Piracy damages people lives. Period. The US Bureau of Labor Statistics says that musicians wages have decline 45% since 2002. What happened in 2002? Peer-to-peer was in its third year of massive growth. The US recording industry has been cut in half since then. A very small percentage of that loss has affected "fat cats." The great majority of that loss has been job loss and underemployment for tens of thousands of music professionals. That is why "filesharing" without the creator/owner's permission is against US Federal law. CNET has been sued and lost for its part in inducing people to commit copyright infringement. Keep misleading people that "filesharing" is a good and legal activity.

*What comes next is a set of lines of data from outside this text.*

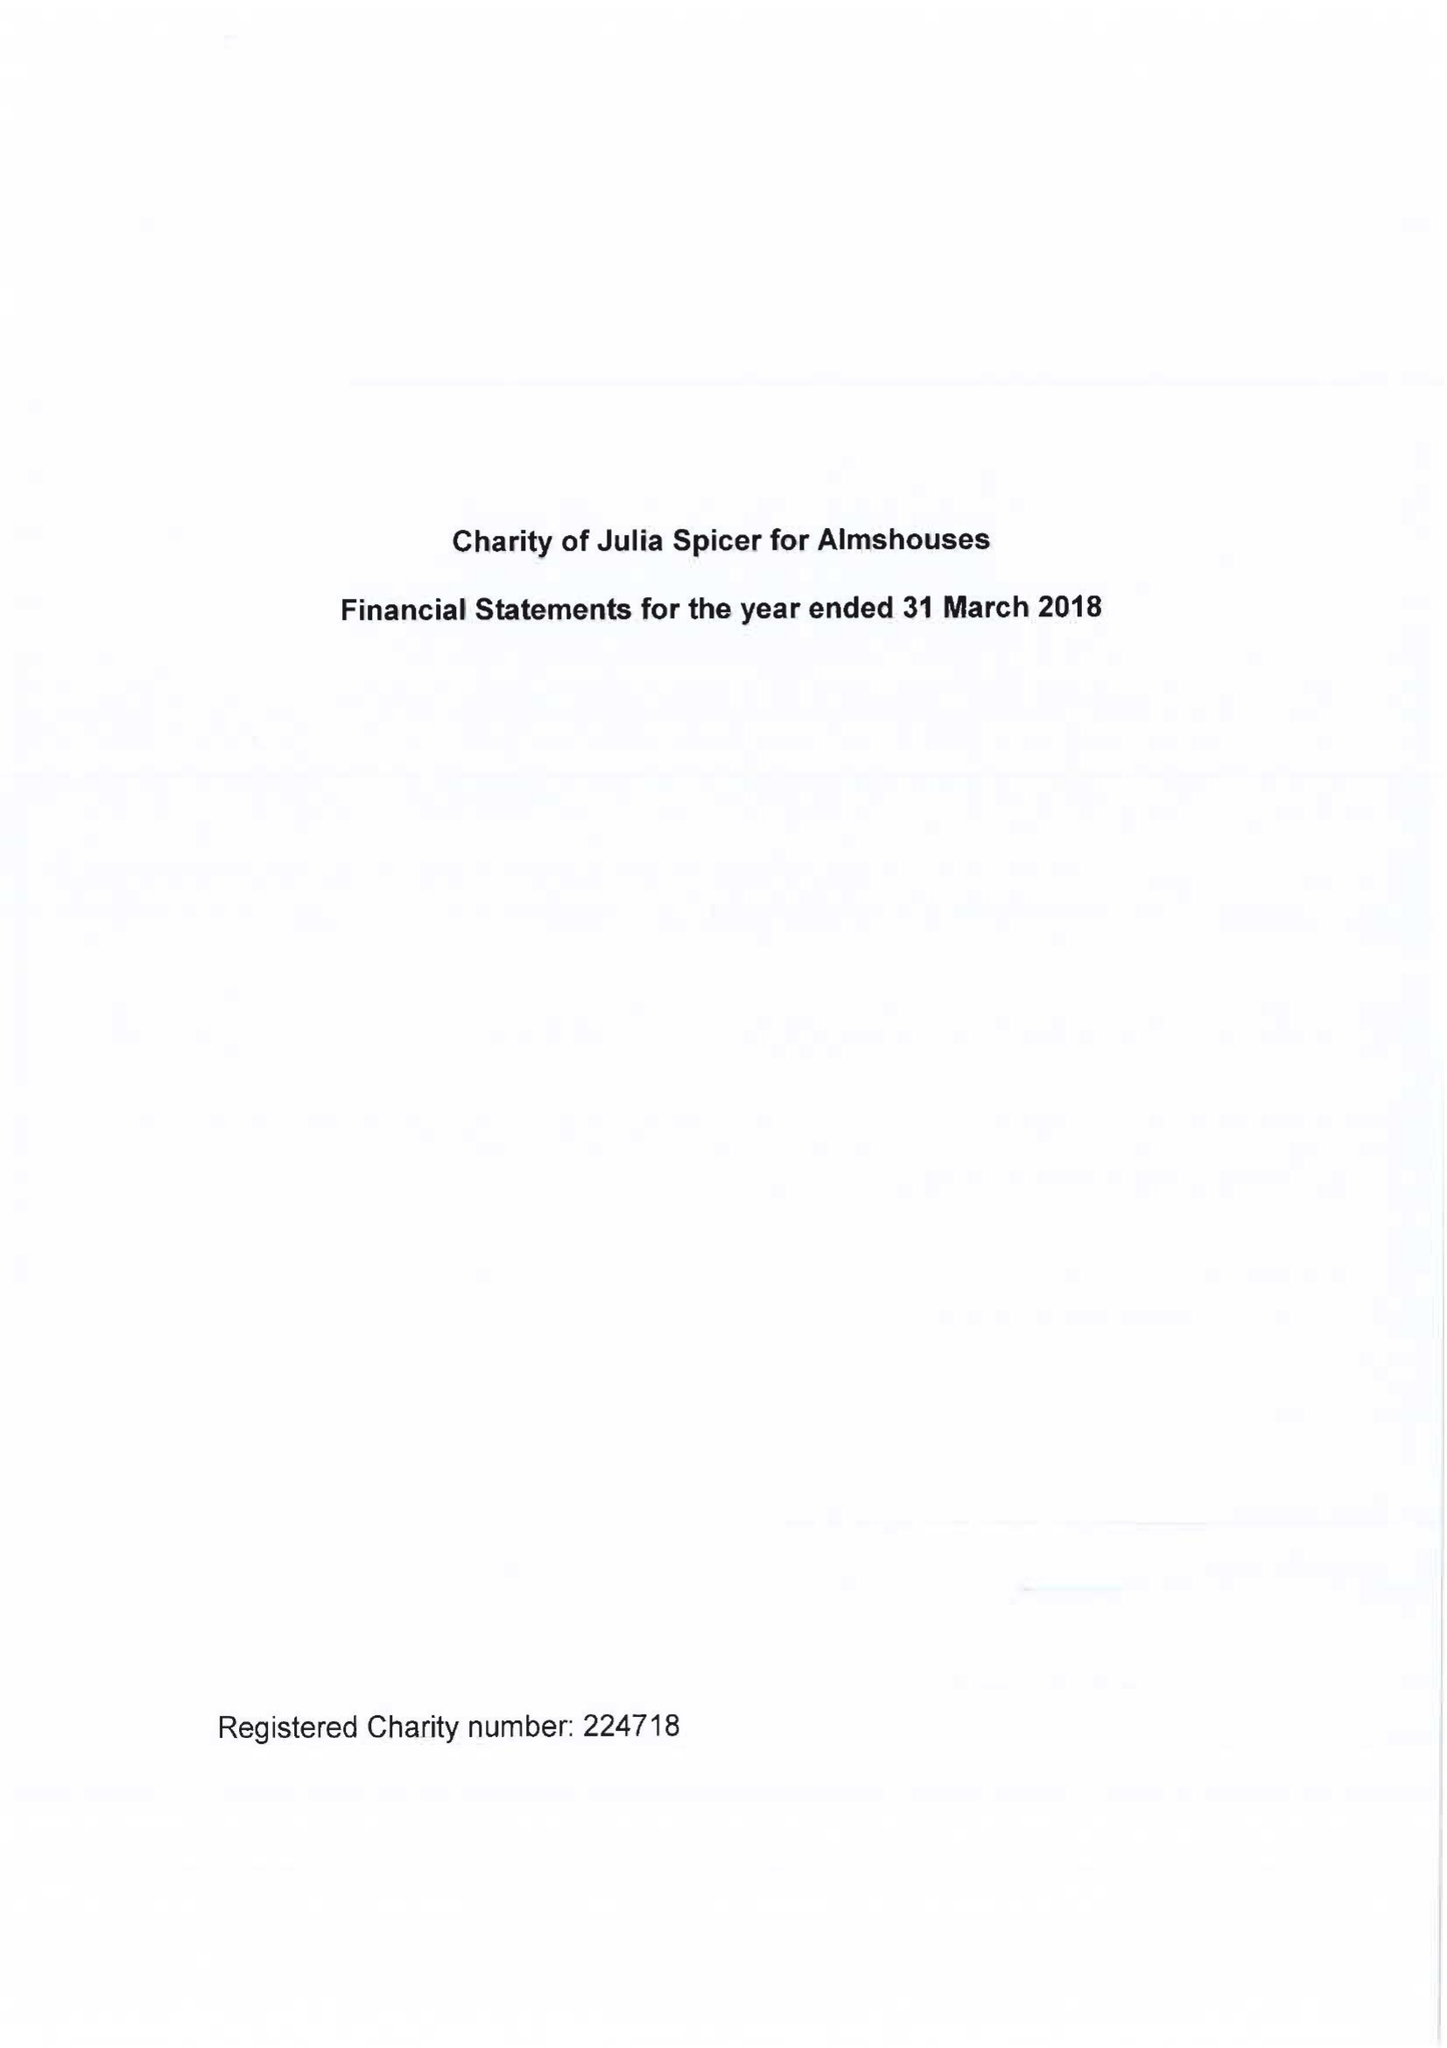What is the value for the address__postcode?
Answer the question using a single word or phrase. CR0 9XP 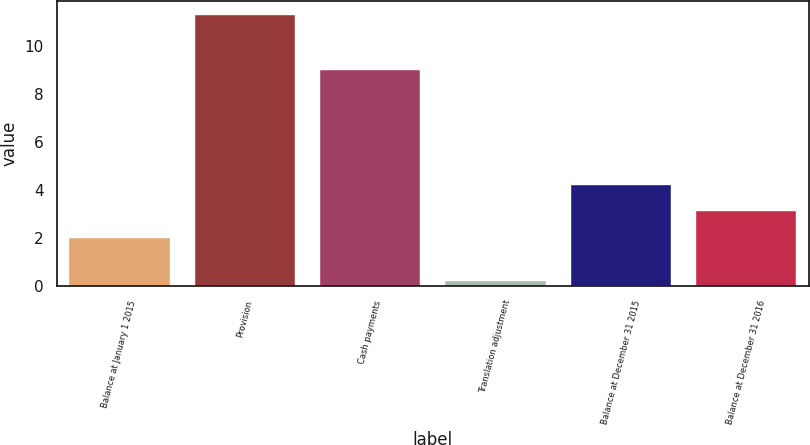Convert chart to OTSL. <chart><loc_0><loc_0><loc_500><loc_500><bar_chart><fcel>Balance at January 1 2015<fcel>Provision<fcel>Cash payments<fcel>Translation adjustment<fcel>Balance at December 31 2015<fcel>Balance at December 31 2016<nl><fcel>2<fcel>11.3<fcel>9<fcel>0.2<fcel>4.22<fcel>3.11<nl></chart> 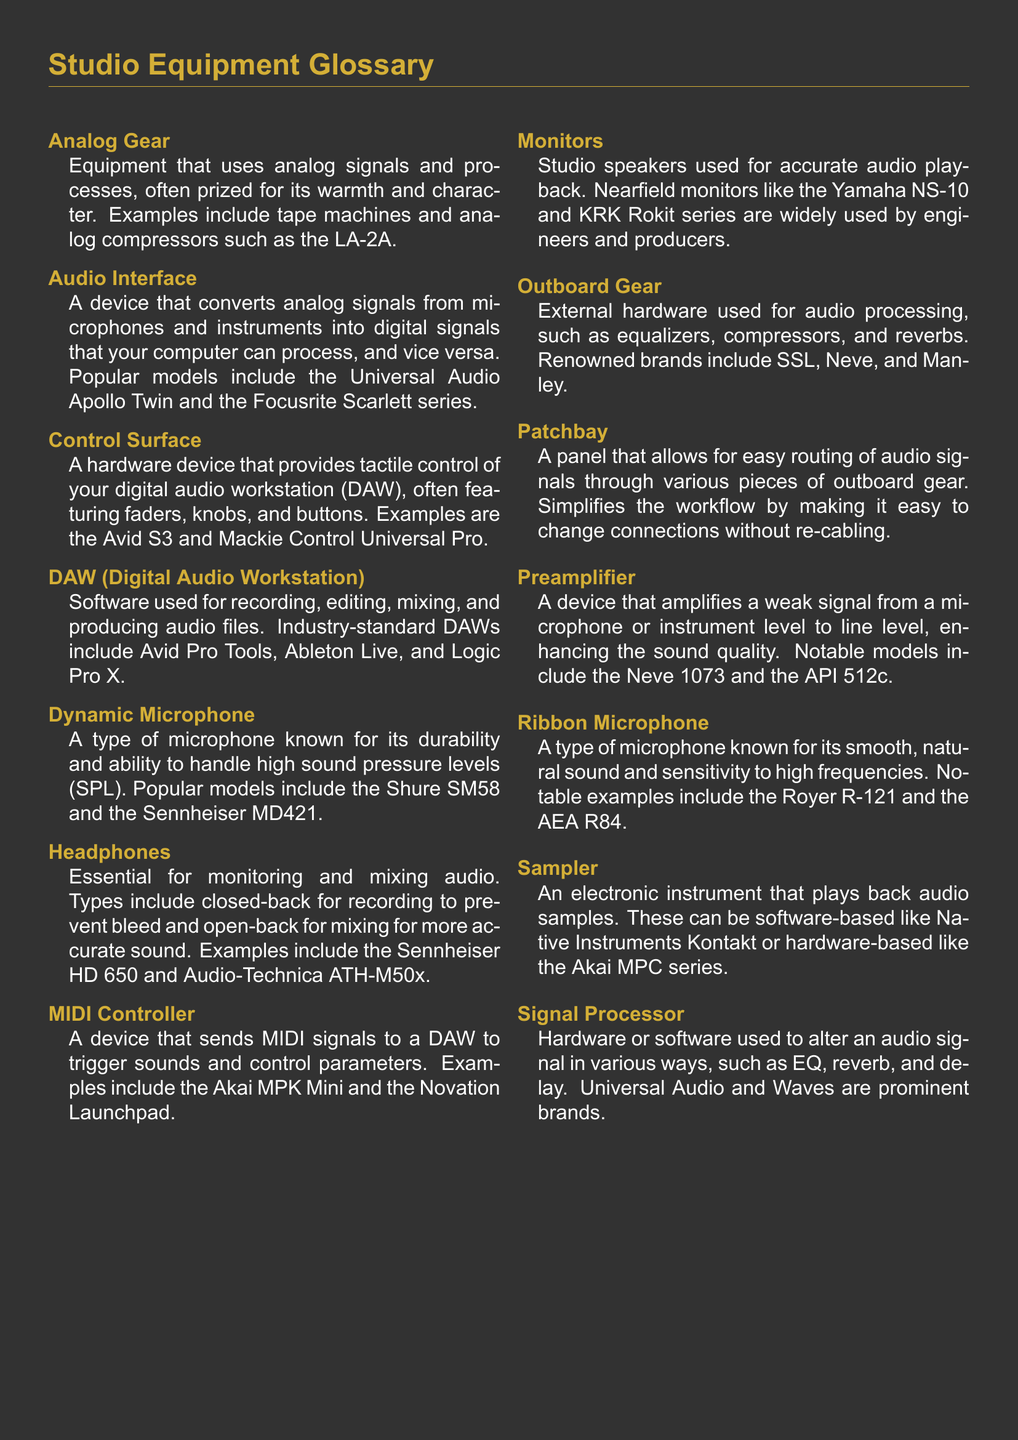What is an example of analog gear? Analog gear includes equipment that uses analog signals, and an example is the LA-2A.
Answer: LA-2A What does a MIDI controller do? A MIDI controller sends MIDI signals to a DAW to trigger sounds and control parameters.
Answer: Trigger sounds Which microphone type is known for durability? The dynamic microphone is known for its durability and ability to handle high sound pressure levels.
Answer: Dynamic Microphone What is a notable model of a preamplifier? The document lists notable models of preamplifiers, including the Neve 1073.
Answer: Neve 1073 What is the function of a patchbay? A patchbay allows for easy routing of audio signals through various pieces of outboard gear.
Answer: Easy routing What type of equipment is commonly used for accurate audio playback? Monitors are studio speakers used for accurate audio playback.
Answer: Monitors Can you name a popular DAW mentioned? Avid Pro Tools is one of the industry-standard DAWs mentioned in the document.
Answer: Avid Pro Tools Why are closed-back headphones preferred during recording? Closed-back headphones prevent sound bleed while recording, making them essential for monitoring.
Answer: Prevent bleed What is a sampler used for? A sampler is an electronic instrument that plays back audio samples.
Answer: Playback audio samples 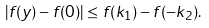Convert formula to latex. <formula><loc_0><loc_0><loc_500><loc_500>| f ( y ) - f ( 0 ) | \leq f ( k _ { 1 } ) - f ( - k _ { 2 } ) .</formula> 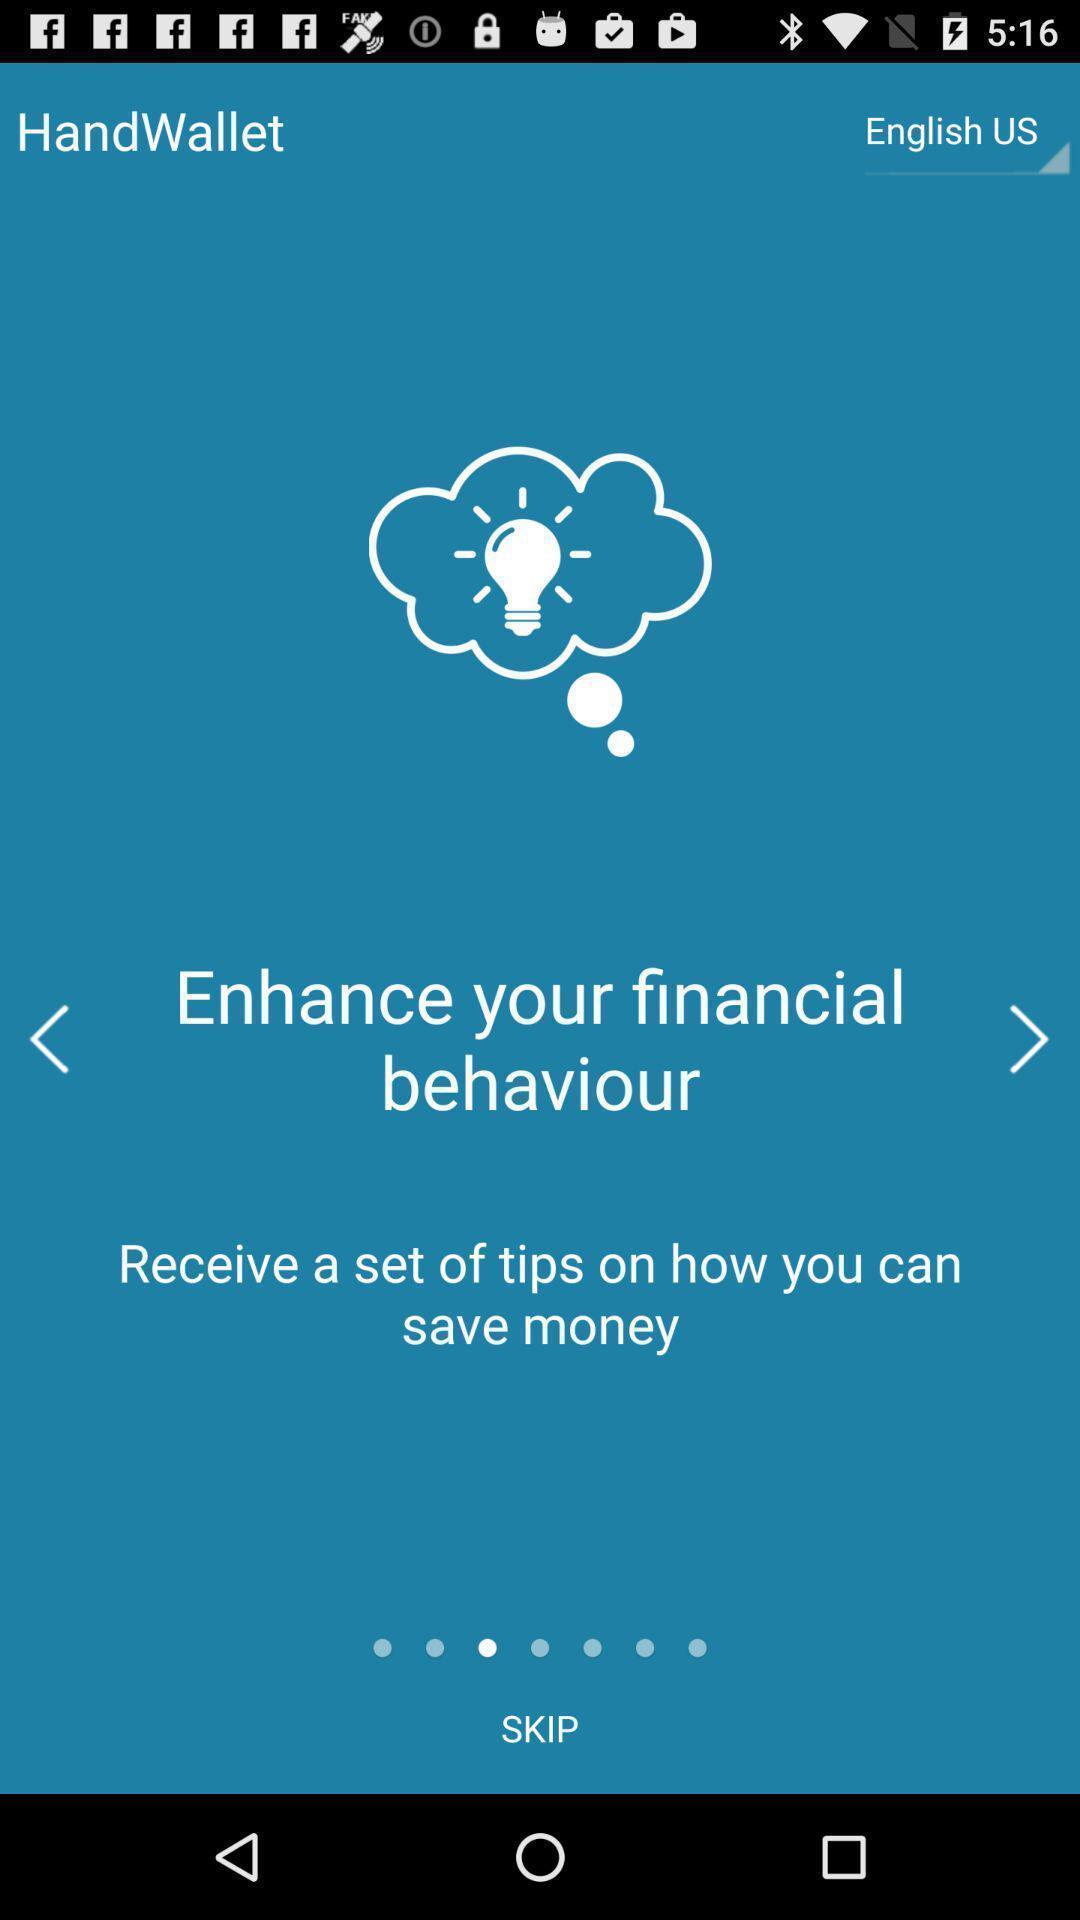Explain what's happening in this screen capture. Start page of a management app.

There would be little cost to piracy enforcement if the ISPs just followed the law. ISP's only have safe harbor from their liability due to their subscribers distributing every piece of music, movies, book, software and video game ever made on the Internet for free if they terminate repeat infringers. They get millions of notices of infringement a month which clearly identify their repeat infringers and yet 19% of all internet traffic is used to steal content. So obviously most ISPs are not terminating repeat infringers. If they were, there would be none of the costs mentioned in this article. That is how the DMCA that they agreed to is supposed to work.
Techdirt says there is no connection between 9,947 Petabytes of infringing data transfers in the US and declining revenue. The US movie industry home video and box office was approx. $28B in 2011, down from $37B in 2006. Music was $6B in 2011 down from $12B in 2000. According to Sandvine 18% of US Internet traffic is P2P filesharing and 5% is used for sites like Megaupload. Cisco states that North America used an average of 9,947 Petabytes (1 million Gigabytes) a month in 2011, which would mean that 7,899 Petabytes were used to illegally use movies, 3,141 Petabytes to illegally use television shows and 650 Petabytes were used by illegal music consumption in 2011.
No, history teaches us that tech companies will abuse the law
No history teaches us that tech companies will abuse the law and generate revenue on content without paying the content creators: Google, Youtube, Broadband ISPs, Megaupload, Limewire, Napster, Grokster, Bearshare, Groveshark, etc.